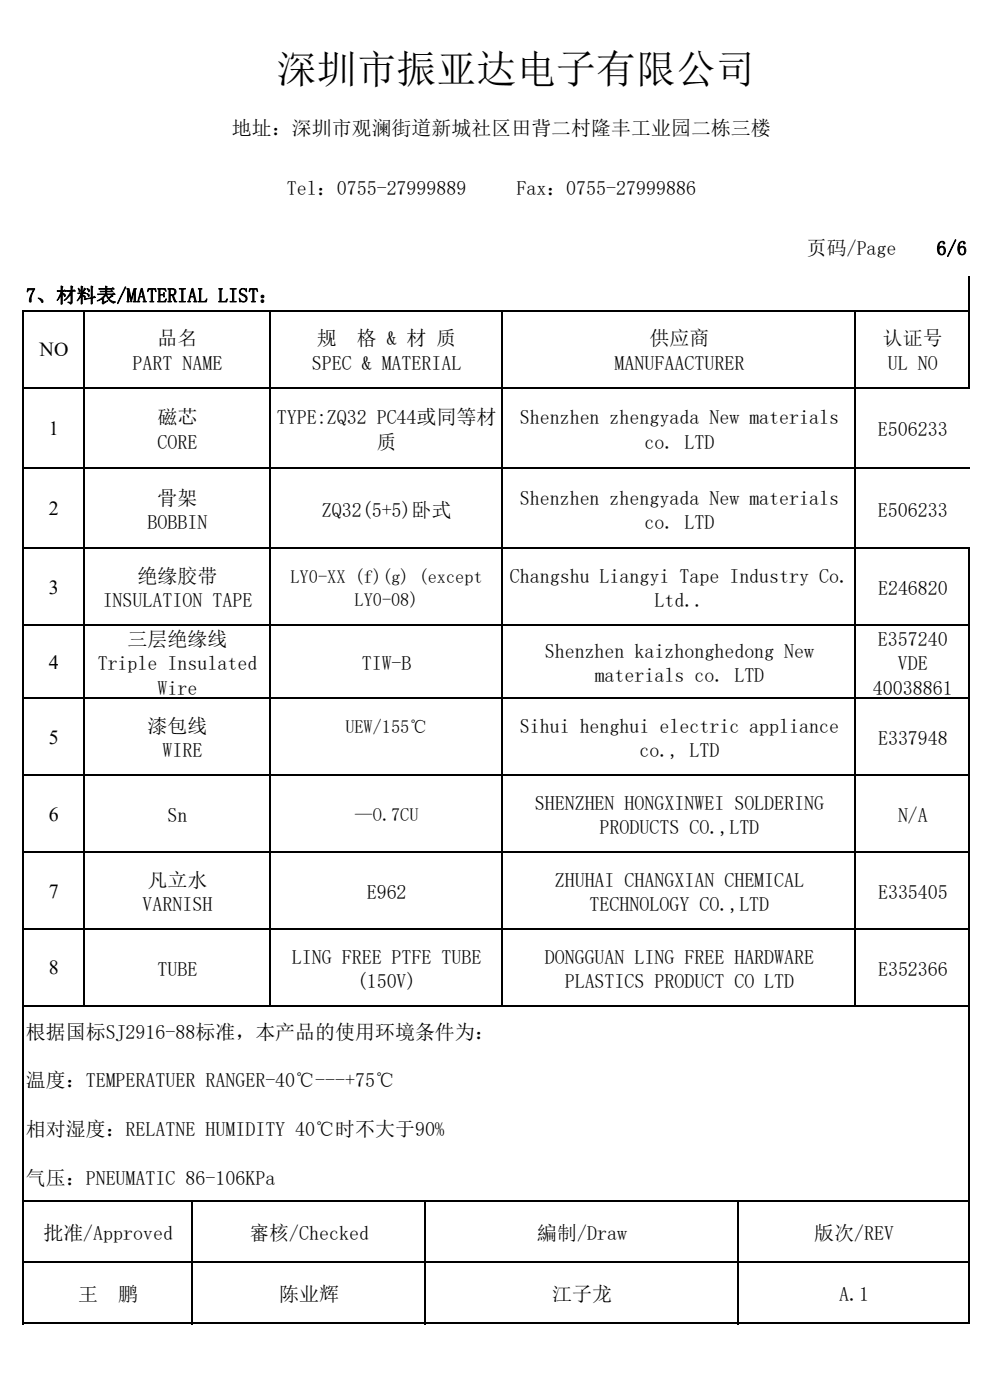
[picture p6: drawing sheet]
<svg xmlns="http://www.w3.org/2000/svg" width="210mm" height="297mm" viewBox="0 0 210 297" stroke-linecap="round" stroke-linejoin="round" font-family="sans-serif">
<defs><g id="words">
<text font-size="8.5" x="58.7" y="17.7">深圳市振亚达电子有限公司</text>
<g font-size="4.2">
<text x="49.2" y="28.7">地址：深圳市观澜街道新城社区田背二村隆丰工业园二栋三楼</text>
<text x="60.9" y="41.4">Tel：0755-27999889</text>
<text x="109.5" y="41.4">Fax：0755-27999886</text>
<text x="171.1" y="54.1">页码/Page</text>
<text x="198.6" y="54.1">6/6</text>
<text x="5.5" y="64.1">7、材料表/MATERIAL LIST：</text>
<text x="8.4" y="75.5">NO</text>
<text x="33.4" y="73.3">品名</text>
<text x="67.2" y="73.3">规</text>
<text x="75.7" y="73.3">格 &amp; 材 质</text>
<text x="137.8" y="73.3">供应商</text>
<text x="187.3" y="73.3">认证号</text>
<text x="28.1" y="78.5">PART NAME</text>
<text x="66.1" y="78.5">SPEC &amp; MATERIAL</text>
<text x="130.4" y="78.5">MANUFAACTURER</text>
<text x="188.3" y="78.5">UL NO</text>
<text x="33.4" y="90">磁芯</text>
<text x="58.7" y="90">TYPE:ZQ32 PC44或同等材</text>
<text x="110.3" y="90">Shenzhen zhengyada New materials</text>
<text x="10.4" y="92.2">1</text>
<text x="33.4" y="95.1">CORE</text>
<text x="79.9" y="95.1">质</text>
<text x="136.7" y="95.1">co. LTD</text>
<text x="186.2" y="92.6">E506233</text>
<text x="33.4" y="107">骨架</text>
<text x="110.3" y="107">Shenzhen zhengyada New materials</text>
<text x="10.4" y="109.3">2</text>
<text x="31.3" y="112.2">BOBBIN</text>
<text x="68.3" y="109.6">ZQ32(5+5)卧式</text>
<text x="136.7" y="112.2">co. LTD</text>
<text x="186.2" y="109.6">E506233</text>
<text x="10.4" y="126">3</text>
<text x="29.2" y="123.7">绝缘胶带</text>
<text x="108.1" y="123.7">Changshu Liangyi Tape Industry Co.</text>
<text x="21.8" y="128.8">INSULATION TAPE</text>
<text x="138.8" y="128.8">Ltd..</text>
<text x="186.2" y="126.3">E246820</text>
<text x="27.1" y="137.1">三层绝缘线</text>
<text x="186.2" y="137.1">E357240</text>
<text x="10.4" y="141.9">4</text>
<text x="20.7" y="142.2">Triple Insulated</text>
<text x="76.7" y="142.2">TIW-B</text>
<text x="115.5" y="139.6">Shenzhen kaizhonghedong New</text>
<text x="190.4" y="142.2">VDE</text>
<text x="33.4" y="147.3">Wire</text>
<text x="126.1" y="144.8">materials co. LTD</text>
<text x="185.2" y="147.3">40038861</text>
<text x="31.3" y="155.6">漆包线</text>
<text x="110.3" y="155.6">Sihui henghui electric appliance</text>
<text x="10.4" y="157.8">5</text>
<text x="34.5" y="160.7">WIRE</text>
<text x="135.7" y="160.7">co., LTD</text>
<text x="186.2" y="158.1">E337948</text>
<text x="113.4" y="171.9">SHENZHEN HONGXINWEI SOLDERING</text>
<text x="10.4" y="174.1">6</text>
<text x="35.5" y="174.4">Sn</text>
<text x="127.2" y="177">PRODUCTS CO.,LTD</text>
<text x="190.5" y="174.4">N/A</text>
<text x="10.4" y="190.4">7</text>
<text x="31.3" y="188.2">凡立水</text>
<text x="77.8" y="190.7">E962</text>
<text x="117.7" y="188.2">ZHUHAI CHANGXIAN CHEMICAL</text>
<text x="186.2" y="190.7">E335405</text>
<text x="30.2" y="193.3">VARNISH</text>
<text x="125.1" y="193.3">TECHNOLOGY CO.,LTD</text>
<text x="10.4" y="206.7">8</text>
<text x="33.4" y="207">TUBE</text>
<text x="61.9" y="204.5">LING FREE PTFE TUBE</text>
<text x="75.7" y="209.6">(150V)</text>
<text x="115.5" y="204.5">DONGGUAN LING FREE HARDWARE</text>
<text x="119.8" y="209.6">PLASTICS PRODUCT CO LTD</text>
<text x="186.2" y="207">E352366</text>
<text x="5.5" y="220.3">根据国标SJ2916-88标准，本产品的使用环境条件为：</text>
<text x="5.5" y="230.6">温度：TEMPERATUER RANGER-40℃---+75℃</text>
<text x="5.5" y="241">相对湿度：RELATNE HUMIDITY 40℃时不大于90%</text>
<text x="5.5" y="251.3">气压：PNEUMATIC 86-106KPa</text>
<text x="9.2" y="263">批准/Approved</text>
<text x="52.9" y="263">審核/Checked</text>
<text x="113.9" y="263">編制/Draw</text>
<text x="172.7" y="263">版次/REV</text>
<text x="16.6" y="276">王</text>
<text x="25.1" y="276">鹏</text>
<text x="59.2" y="276">陈业辉</text>
<text x="117.1" y="276">江子龙</text>
<text x="178" y="276">A.1</text>
</g>
<g font-size="3.9">
<text x="61.6" y="123.8">LY0-XX (f)(g) (except</text>
<text x="75.2" y="128.5">LY0-08)</text>
<text x="73.3" y="155.6">UEW/155℃</text>
<text x="75.2" y="174.3">—O.7CU</text>
</g>
</g></defs>
<g fill="none" stroke="#000" stroke-width=".34">
<path d="M205.5 58.5v23.9M4.6 65.9h201.1M4.8 65.7v215.2M17.8 65.7v147.8M57.2 65.7v147.8M106.5 65.7v147.8M181.4 65.7v147.8M4.6 82.2h201.1M4.6 99.3h201.1M4.6 116.3h201.1M205.5 116.2v164.7M4.6 132.6h201.1"/>
<path d="M4.6 148.2h201.1M4.6 164.5h201.1M4.6 180.8h201.1M4.6 197.1h201.1M4.6 213.4h201.1M4.6 254.7h201.1M40.8 254.5v26.4M90.1 254.5v26.4M156.5 254.5v26.4M4.6 267.7h201.1M4.6 280.8h201.1"/>
</g>
<use href="#words"/>
</svg>

# # #

# Work to be completed
Go through the records above, find every line with the word "stroke", and list those lines.

# Response below
<svg xmlns="http://www.w3.org/2000/svg" width="210mm" height="297mm" viewBox="0 0 210 297" stroke-linecap="round" stroke-linejoin="round" font-family="sans-serif">
<g fill="none" stroke="#000" stroke-width=".34">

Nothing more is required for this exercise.